While the event of the Council was attracting world attention it was hard to keep one’s mind on the lectures at the Angelicum, most of which took little or no notice of what was happening up the road at St Peter’s. By way of exception, a seminar given by Fr Hamer, dealt with the book Honest to God by Anglican Bishop John Robinson, which was causing a flutter among Anglicans and winning plaudits from atheists. Hamer had the ability to show understanding of what Robinson was trying to say and to evaluate it in light of Catholic teaching.
Meanwhile there were the daily reports of what had been said in the Council hall by the bishops and as well the talks given by some of the bishops and the periti and the regular press conferences which told of what the Council was doing and what the speakers hoped it might do. These were overwhelmingly from a liberal perspective; conservative speakers in the Council as reported, seemed an embattled minority. Yet now if one consults the Acta Synodalia, the verbal reports of what had been said and written by the Council, it is striking to note that, especially in the working groups which were not reported publicly, even those cardinals and bishops considered progressive showed the real concern for the teaching of the Church that one would expect from faithful Catholic bishops.
Sacrosanctum Concilium
When the Council documents began to emerge, those were exciting days. I remember one afternoon getting the Constitution on the Liturgy, Sacrosanctum Concilium, from one of the newspaper kiosks in St Peter’s Square and paging through it. A first impression was of disappointment. It was what Joseph Ratzinger later was to call “a recipe book for making sweeping changes in the form of the Church’s liturgy.” Where was the reflection from this great gathering of bishops on the theology of the liturgy, the insights into its depths? Did they not know the massive writing that had been emerging from the liturgical movement and from papal pronouncements? — especially Mediator Dei, the great encyclical of Pope Pius XII which in so many respects is more theologically weighty than Sacrosanctum Concilium. Yet one does find important theological insights in the first chapter of Sacrosanctum Concilium on the nature of the liturgy, in the too brief introductory part of chapter 2 on the mystery of the Eucharist, and in the chapters on the liturgical year and on the divine office.
The truth was, as Ratzinger later said, that the liturgy was not a prime concern of the bishops; they were largely content that the development of liturgical forms launched by St Pius X and boosted by Pope Pius XII should continue under the aegis of the Congregation of Rites, as it did right up until the beginning of the Council. They were also happy to affirm a further reform of the liturgy that, in Ratzinger’s words, would be “ a new humble and sober centering of the mystery of Christ’s presence in his Church.”

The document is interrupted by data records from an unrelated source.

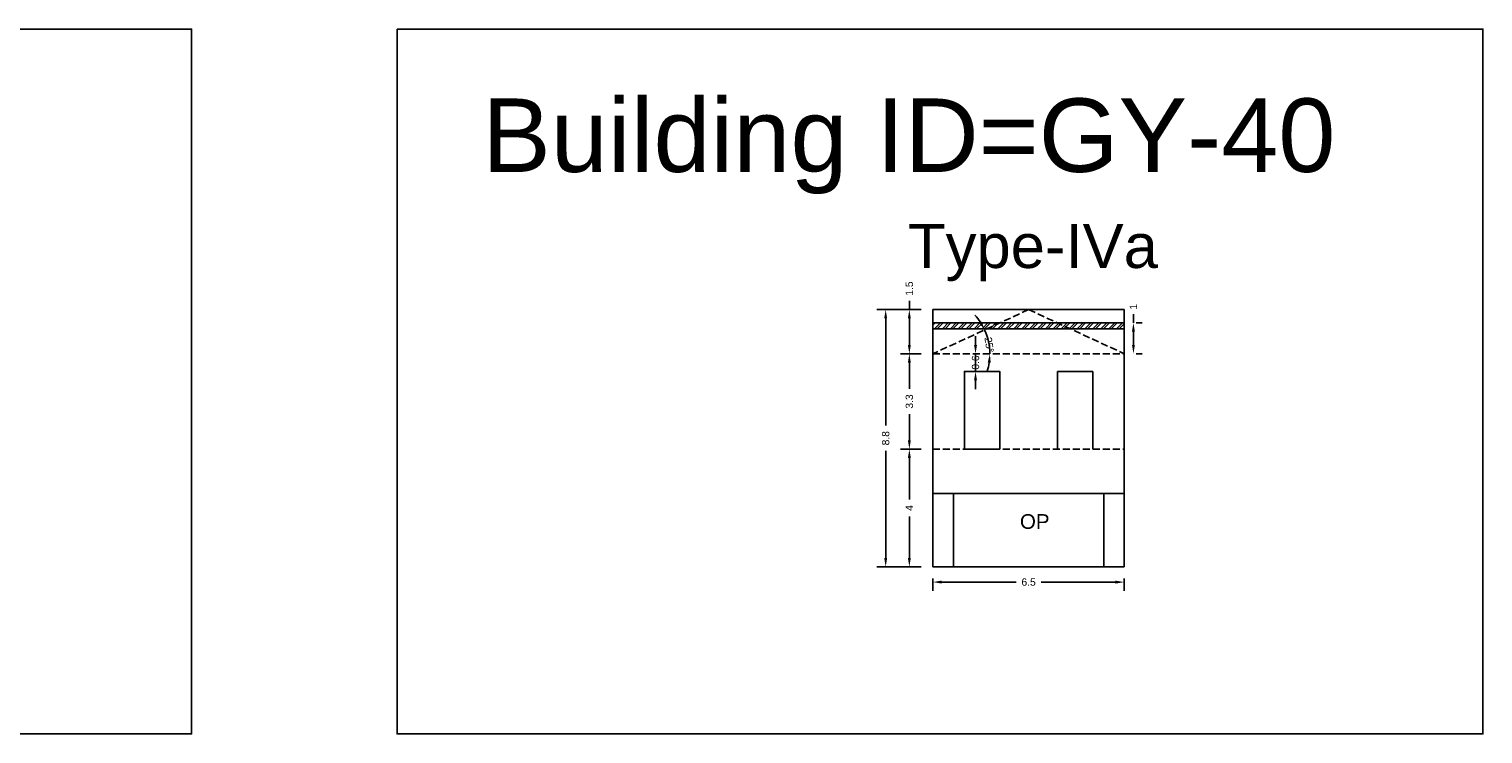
# Model space of a CAD drawing. Header units: metres. Extents: x 3416649 to 3417076, y -6712857 to -6712690.
# Tile 39 of 43: x 3417006 to 3417055, y -6712823 to -6712799. Entities that reach past the tile are written whole.
import ezdxf

# ---------------------------------------------------------------- set-up
doc = ezdxf.new("R2010")
doc.units = ezdxf.units.M
doc.linetypes.add('ACAD_ISO02W100', pattern=[15, 12, -3])
doc.layers.add('Dotted', color=7, linetype='ACAD_ISO02W100', plot=False)
doc.styles.get("Standard").update_dxf_attribs({"font": 'arial.ttf'})
doc.dimstyles.new('ISO-25', dxfattribs={"dimtxt": 0.25, "dimasz": 0.3, "dimexe": 0.3, "dimexo": 0.4, "dimgap": 0.2, "dimtad": 0, "dimdec": 1, "dimdsep": 46, "dimtxsty": 'Standard', "dimcen": 2.5, "dimadec": 0, "dimazin": 0, "dimtfac": 1, "dimtdec": 1, "dimtmove": 0, "dimatfit": 3, "dimfxl": 1, "dimarcsym": 0})

# ---------------------------------------------------------------- blocks, each defined once
blk = doc.blocks.new('*D287')
at = {"color": 0, "lineweight": -2, "transparency": 16777216}
for p, q in [((3417036.113, -6712813.005), (3417035.411, -6712813.005)), ((3417035.711, -6712813.305), (3417035.711, -6712814.718)), ((3417035.711, -6712816.705), (3417035.711, -6712815.291)), ((3417036.113, -6712817.005), (3417035.411, -6712817.005))]:
    blk.add_line(p, q, dxfattribs=at)
at = {"color": 0, "transparency": 16777216}
for points in [[(3417035.661, -6712813.305), (3417035.761, -6712813.305), (3417035.711, -6712813.005)], [(3417035.661, -6712816.705), (3417035.761, -6712816.705), (3417035.711, -6712817.005)]]:
    blk.add_solid(points, dxfattribs=at)
at = {"layer": 'Defpoints', "color": 0, "transparency": 16777216}
for p in [(3417035.711, -6712813.005), (3417036.513, -6712813.005), (3417036.513, -6712817.005)]:
    blk.add_point(p, dxfattribs=at)
at = {"color": 0, "transparency": 16777216, "insert": (3417035.711, -6712815.005), "char_height": 0.25, "attachment_point": 5, "rotation": 90}
blk.add_mtext('4', dxfattribs=at)
blk = doc.blocks.new('*D288')
at = {"color": 0, "lineweight": -2, "transparency": 16777216}
for p, q in [((3417036.113, -6712809.755), (3417035.411, -6712809.755)), ((3417035.711, -6712810.055), (3417035.711, -6712810.952)), ((3417035.711, -6712812.705), (3417035.711, -6712811.807)), ((3417036.113, -6712813.005), (3417035.411, -6712813.005))]:
    blk.add_line(p, q, dxfattribs=at)
at = {"color": 0, "transparency": 16777216}
for points in [[(3417035.661, -6712810.055), (3417035.761, -6712810.055), (3417035.711, -6712809.755)], [(3417035.661, -6712812.705), (3417035.761, -6712812.705), (3417035.711, -6712813.005)]]:
    blk.add_solid(points, dxfattribs=at)
at = {"layer": 'Defpoints', "color": 0, "transparency": 16777216}
for p in [(3417035.711, -6712809.755), (3417036.513, -6712809.755), (3417036.513, -6712813.005)]:
    blk.add_point(p, dxfattribs=at)
at = {"color": 0, "transparency": 16777216, "insert": (3417035.711, -6712811.38), "char_height": 0.25, "attachment_point": 5, "rotation": 90}
blk.add_mtext('3.3', dxfattribs=at)
blk = doc.blocks.new('*D289')
at = {"color": 0, "lineweight": -2, "transparency": 16777216}
for start, end in [(33.624, 42.5064), (0, 24.7416), (342.2352, 351.1176)]:
    blk.add_arc((3417036.513, -6712809.755), 1.937, start, end, dxfattribs=at)
at = {"color": 0, "transparency": 16777216}
for points in [[(3417038.17, -6712808.658), (3417038.083, -6712808.706), (3417038.272, -6712808.944)], [(3417038.377, -6712810.05), (3417038.477, -6712810.058), (3417038.45, -6712809.755)]]:
    blk.add_solid(points, dxfattribs=at)
at = {"layer": 'Defpoints', "color": 0, "transparency": 16777216}
for p in [(3417039.768, -6712808.255), (3417038.371, -6712809.205), (3417036.513, -6712809.755), (3417036.513, -6712809.755), (3417043.023, -6712809.755)]:
    blk.add_point(p, dxfattribs=at)
at = {"color": 0, "transparency": 16777216, "insert": (3417038.426, -6712809.452), "char_height": 0.25, "attachment_point": 5, "rotation": 278.9999}
blk.add_mtext('25°', dxfattribs=at)
blk = doc.blocks.new('*D290')
at = {"color": 0, "lineweight": -2, "transparency": 16777216}
for p, q in [((3417035.711, -6712808.255), (3417035.711, -6712807.955)), ((3417036.113, -6712808.255), (3417035.411, -6712808.255)), ((3417035.711, -6712809.455), (3417035.711, -6712808.555)), ((3417036.113, -6712809.755), (3417035.411, -6712809.755))]:
    blk.add_line(p, q, dxfattribs=at)
at = {"color": 0, "transparency": 16777216}
for points in [[(3417035.661, -6712808.555), (3417035.761, -6712808.555), (3417035.711, -6712808.255)], [(3417035.661, -6712809.455), (3417035.761, -6712809.455), (3417035.711, -6712809.755)]]:
    blk.add_solid(points, dxfattribs=at)
at = {"layer": 'Defpoints', "color": 0, "transparency": 16777216}
for p in [(3417035.711, -6712808.255), (3417036.513, -6712808.255), (3417036.513, -6712809.755)]:
    blk.add_point(p, dxfattribs=at)
at = {"color": 0, "transparency": 16777216, "insert": (3417035.711, -6712807.538), "char_height": 0.25, "attachment_point": 5, "rotation": 90}
blk.add_mtext('1.5', dxfattribs=at)
blk = doc.blocks.new('*D291')
at = {"color": 0, "lineweight": -2, "transparency": 16777216}
for p, q in [((3417036.513, -6712817.405), (3417036.513, -6712817.824)), ((3417036.813, -6712817.524), (3417039.339, -6712817.524)), ((3417042.723, -6712817.524), (3417040.197, -6712817.524)), ((3417043.023, -6712817.405), (3417043.023, -6712817.824))]:
    blk.add_line(p, q, dxfattribs=at)
at = {"color": 0, "transparency": 16777216}
for points in [[(3417036.813, -6712817.474), (3417036.813, -6712817.574), (3417036.513, -6712817.524)], [(3417042.723, -6712817.474), (3417042.723, -6712817.574), (3417043.023, -6712817.524)]]:
    blk.add_solid(points, dxfattribs=at)
at = {"layer": 'Defpoints', "color": 0, "transparency": 16777216}
for p in [(3417036.513, -6712817.005), (3417043.023, -6712817.005), (3417043.023, -6712817.524)]:
    blk.add_point(p, dxfattribs=at)
at = {"color": 0, "transparency": 16777216, "insert": (3417039.768, -6712817.524), "char_height": 0.25, "attachment_point": 5}
blk.add_mtext('6.5', dxfattribs=at)
blk = doc.blocks.new('*D292')
at = {"color": 0, "lineweight": -2, "transparency": 16777216}
for p, q in [((3417036.113, -6712808.255), (3417034.606, -6712808.255)), ((3417034.906, -6712808.555), (3417034.906, -6712812.202)), ((3417034.906, -6712816.705), (3417034.906, -6712813.058)), ((3417036.113, -6712817.005), (3417034.606, -6712817.005))]:
    blk.add_line(p, q, dxfattribs=at)
at = {"color": 0, "transparency": 16777216}
for points in [[(3417034.856, -6712808.555), (3417034.956, -6712808.555), (3417034.906, -6712808.255)], [(3417034.856, -6712816.705), (3417034.956, -6712816.705), (3417034.906, -6712817.005)]]:
    blk.add_solid(points, dxfattribs=at)
at = {"layer": 'Defpoints', "color": 0, "transparency": 16777216}
for p in [(3417034.906, -6712808.255), (3417036.513, -6712808.255), (3417036.513, -6712817.005)]:
    blk.add_point(p, dxfattribs=at)
at = {"color": 0, "transparency": 16777216, "insert": (3417034.906, -6712812.63), "char_height": 0.25, "attachment_point": 5, "rotation": 90}
blk.add_mtext('8.8', dxfattribs=at)
blk = doc.blocks.new('*D293')
at = {"color": 0, "lineweight": -2, "transparency": 16777216}
for p, q in [((3417037.962, -6712809.455), (3417037.962, -6712809.155)), ((3417037.962, -6712810.355), (3417037.962, -6712809.755)), ((3417038.362, -6712809.755), (3417038.262, -6712809.755)), ((3417037.962, -6712810.655), (3417037.962, -6712810.955)), ((3417038.362, -6712810.355), (3417038.262, -6712810.355))]:
    blk.add_line(p, q, dxfattribs=at)
at = {"color": 0, "transparency": 16777216}
for points in [[(3417037.912, -6712809.455), (3417038.012, -6712809.455), (3417037.962, -6712809.755)], [(3417037.912, -6712810.655), (3417038.012, -6712810.655), (3417037.962, -6712810.355)]]:
    blk.add_solid(points, dxfattribs=at)
at = {"layer": 'Defpoints', "color": 0, "transparency": 16777216}
for p in [(3417037.962, -6712809.755), (3417037.962, -6712809.755), (3417037.962, -6712810.355)]:
    blk.add_point(p, dxfattribs=at)
at = {"color": 0, "transparency": 16777216, "insert": (3417037.962, -6712810.055), "char_height": 0.25, "attachment_point": 5, "rotation": 90}
blk.add_mtext('0.6', dxfattribs=at)
blk = doc.blocks.new('*D294')
at = {"color": 0, "lineweight": -2, "transparency": 16777216}
for p, q in [((3417043.333, -6712808.705), (3417043.333, -6712808.405)), ((3417043.423, -6712808.705), (3417043.633, -6712808.705)), ((3417043.333, -6712809.455), (3417043.333, -6712809.005)), ((3417043.423, -6712809.755), (3417043.633, -6712809.755))]:
    blk.add_line(p, q, dxfattribs=at)
at = {"color": 0, "transparency": 16777216}
for points in [[(3417043.283, -6712809.005), (3417043.383, -6712809.005), (3417043.333, -6712808.705)], [(3417043.283, -6712809.455), (3417043.383, -6712809.455), (3417043.333, -6712809.755)]]:
    blk.add_solid(points, dxfattribs=at)
at = {"layer": 'Defpoints', "color": 0, "transparency": 16777216}
for p in [(3417043.023, -6712808.705), (3417043.333, -6712808.705), (3417043.023, -6712809.755)]:
    blk.add_point(p, dxfattribs=at)
at = {"color": 0, "transparency": 16777216, "insert": (3417043.333, -6712808.159), "char_height": 0.25, "attachment_point": 5, "rotation": 90}
blk.add_mtext('1', dxfattribs=at)

msp = doc.modelspace()

# ---------------------------------------------------------------- hatches: boundary and pattern name
h = msp.add_hatch()
h.set_pattern_fill('ANSI32', color=256, scale=0.02)
h.set_pattern_definition([(45, (-15.71263, 0), (-0.134703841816, 0.134703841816), []), (45, (-15.62282, 0), (-0.134703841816, 0.134703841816), [])])
h.paths.add_polyline_path([(3417040.745, -6712808.705), (3417038.792, -6712808.705), (3417038.358, -6712808.905), (3417041.179, -6712808.905)])
h.paths.add_polyline_path([(3417043.023, -6712808.705), (3417040.745, -6712808.705), (3417041.179, -6712808.905), (3417043.023, -6712808.905)])
h.paths.add_polyline_path([(3417038.792, -6712808.705), (3417036.513, -6712808.705), (3417036.513, -6712808.905), (3417038.358, -6712808.905)])

# ---------------------------------------------------------------- linework, layer by layer
for points in [[(3416974.363, -6712798.71), (3417011.297, -6712798.71), (3417011.297, -6712822.69), (3416974.363, -6712822.69)], [(3417018.287, -6712798.71), (3417055.221, -6712798.71), (3417055.221, -6712822.69), (3417018.287, -6712822.69)], [(3417038.783, -6712813.005), (3417037.583, -6712813.005), (3417037.583, -6712810.355), (3417038.783, -6712810.355)], [(3417037.213, -6712814.505), (3417042.323, -6712814.505), (3417042.323, -6712817.005), (3417037.213, -6712817.005)]]:
    msp.add_lwpolyline(points, close=True)
for points in [[(3417036.513, -6712808.255), (3417043.023, -6712808.255)], [(3417036.513, -6712808.255), (3417036.513, -6712817.005)], [(3417036.513, -6712808.705), (3417043.023, -6712808.705)], [(3417043.023, -6712808.255), (3417043.023, -6712817.005)], [(3417036.513, -6712808.905), (3417043.023, -6712808.905)], [(3417038.783, -6712810.355), (3417037.583, -6712810.355)], [(3417037.583, -6712810.355), (3417037.583, -6712813.005)], [(3417038.783, -6712810.355), (3417038.783, -6712813.005)], [(3417040.753, -6712810.355), (3417041.953, -6712810.355)], [(3417040.753, -6712810.355), (3417040.753, -6712813.005)], [(3417041.953, -6712810.355), (3417041.953, -6712813.005)], [(3417036.513, -6712814.505), (3417043.023, -6712814.505)], [(3417037.213, -6712814.505), (3417037.213, -6712817.005)], [(3417042.323, -6712814.505), (3417042.323, -6712817.005)], [(3417036.513, -6712817.005), (3417043.023, -6712817.005)]]:
    msp.add_lwpolyline(points)
at = {"layer": 'Dotted', "ltscale": 0.02}
for points in [[(3417039.768, -6712808.255), (3417036.513, -6712809.755)], [(3417039.768, -6712808.255), (3417043.023, -6712809.755)], [(3417036.513, -6712809.755), (3417043.023, -6712809.755)], [(3417036.513, -6712813.005), (3417043.023, -6712813.005)]]:
    msp.add_lwpolyline(points, dxfattribs=at)

# ---------------------------------------------------------------- texts
at = {"attachment_point": 1}
for s, width, heights, insert, char_height in [('Building ID=GY-40', 67.86454, [0.517], (3417021.184, -6712801.07), 2.5), ('Type-IVa ', 9.99112, [0.517], (3417035.666, -6712805.338), 1.5), ('OP', 1.17554, [0], (3417039.472, -6712815.213), 0.5)]:
    msp.add_mtext_dynamic_manual_height_columns(s, width=width, gutter_width=12.5, heights=heights, dxfattribs=dict(at, insert=insert, char_height=char_height))

# ---------------------------------------------------------------- dimensions: what is measured, and where the dimension line sits
for base, p1, p2, picture, middle in [((3417035.711, -6712808.255), (3417036.513, -6712809.755), (3417036.513, -6712808.255), '*D290', (3417035.711, -6712807.538)), ((3417043.332626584, -6712808.704658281), (3417043.023193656, -6712809.754658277), (3417043.023193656, -6712808.704658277), '*D294', (3417043.332626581, -6712808.158614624)), ((3417034.905948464, -6712808.254658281), (3417036.513193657, -6712817.004658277), (3417036.513193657, -6712808.254658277), '*D292', (3417034.905948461, -6712812.62965828)), ((3417035.711201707, -6712809.754658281), (3417036.513193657, -6712813.004658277), (3417036.513193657, -6712809.754658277), '*D288', (3417035.711201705, -6712811.37965828)), ((3417035.711, -6712813.005), (3417036.513, -6712817.005), (3417036.513, -6712813.005), '*D287', (3417035.711, -6712815.005))]:
    dim = msp.add_linear_dim(base=base, p1=p1, p2=p2, angle=90, dimstyle='ISO-25')
    dim.commit()
    dim.dimension.update_dxf_attribs({"geometry": picture, "text_midpoint": middle})
dim = msp.add_angular_dim_2l(base=(3417038.371, -6712809.205), line1=((3417036.513, -6712809.755), (3417043.023, -6712809.755)), line2=((3417039.768, -6712808.255), (3417036.513, -6712809.755)), dimstyle='ISO-25')
dim.commit()
dim.dimension.update_dxf_attribs({"geometry": '*D289', "text_midpoint": (3417038.426, -6712809.452), "dimtype": 162})
dim = msp.add_linear_dim(base=(3417037.962, -6712809.755), p1=(3417037.962, -6712810.355), p2=(3417037.962, -6712809.755), angle=90, dimstyle='ISO-25')
dim.commit()
dim.dimension.update_dxf_attribs({"geometry": '*D293', "text_midpoint": (3417037.962, -6712810.055), "dimtype": 160})
dim = msp.add_linear_dim(base=(3417043.023, -6712817.524), p1=(3417036.513, -6712817.005), p2=(3417043.023, -6712817.005), dimstyle='ISO-25')
dim.commit()
dim.dimension.update_dxf_attribs({"geometry": '*D291', "text_midpoint": (3417039.768, -6712817.524)})

doc.saveas('drawing.dxf')

Yet unknown to most of the bishops many liturgists and some bishops who supported them had been working, before the Council and in it, to bring about far reaching changes, not all of them well founded on the best theology and traditions of Catholic worship. In Sacrosanctum Concilium they were trying to build an instrument that would re-fashion the liturgy; as Pope Benedict kept on pointing out right up to the time of his retirement, what emerged was a liturgy that, as it was presented, left us with empty churches.
Lutheran friends, a husband and wife who both taught theology in a University in Denmark, and who came regularly to Rome — as did many Scandanavians — were completely negative about the reformed liturgy as they encountered it in papal ceremonies in St Peter’s; “What an impoverishmen!” they said. Earlier I had had a similar impression at Sant’ Anselmo, the international Benedictine house, when still during the Council I had attended a private, experimental celebration of the Mass in which a form based on the Vatican II reforms was used. It was curiously flat and failed to suggest the transcendent.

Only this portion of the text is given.